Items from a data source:
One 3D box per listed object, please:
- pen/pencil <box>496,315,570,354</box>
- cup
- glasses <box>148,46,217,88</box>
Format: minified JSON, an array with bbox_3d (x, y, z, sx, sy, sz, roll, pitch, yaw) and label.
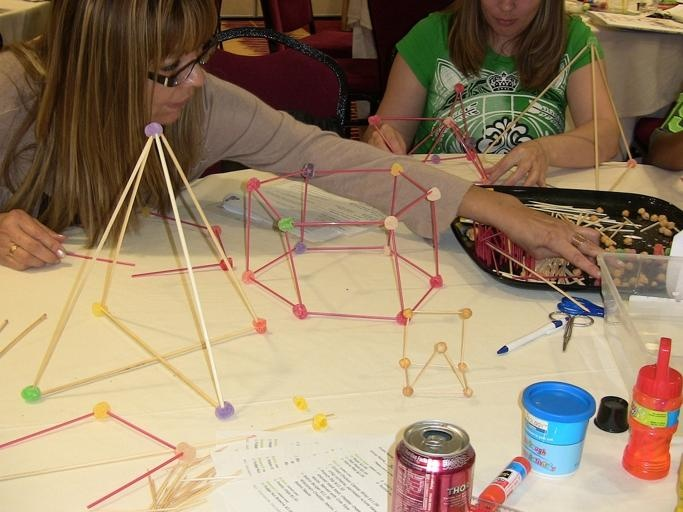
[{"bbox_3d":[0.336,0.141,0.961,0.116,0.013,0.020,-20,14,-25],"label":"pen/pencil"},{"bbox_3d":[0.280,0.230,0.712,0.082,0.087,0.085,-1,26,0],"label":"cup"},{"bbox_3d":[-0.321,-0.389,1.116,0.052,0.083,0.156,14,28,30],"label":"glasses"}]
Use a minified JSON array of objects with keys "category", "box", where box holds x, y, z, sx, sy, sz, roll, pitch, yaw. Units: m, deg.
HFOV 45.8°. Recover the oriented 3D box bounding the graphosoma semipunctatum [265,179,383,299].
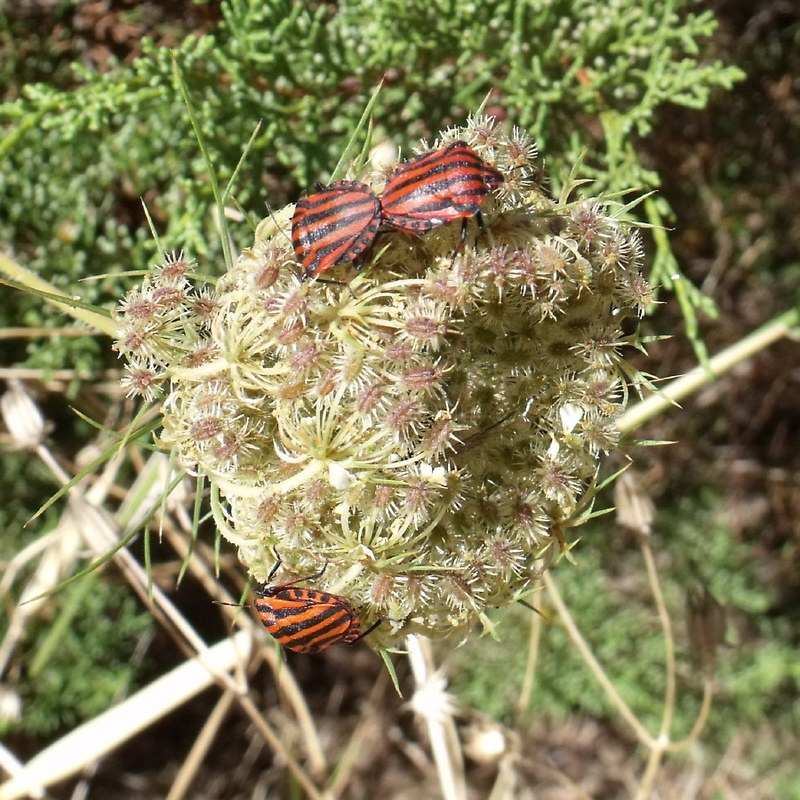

◆ **What is being asked**:
Only the lines from the first line of the records through the line with "- glasses <box>148,46,217,88</box>" should be reproduced, exactly and with nothing added.

◆ **Result below**:
One 3D box per listed object, please:
- pen/pencil <box>496,315,570,354</box>
- cup
- glasses <box>148,46,217,88</box>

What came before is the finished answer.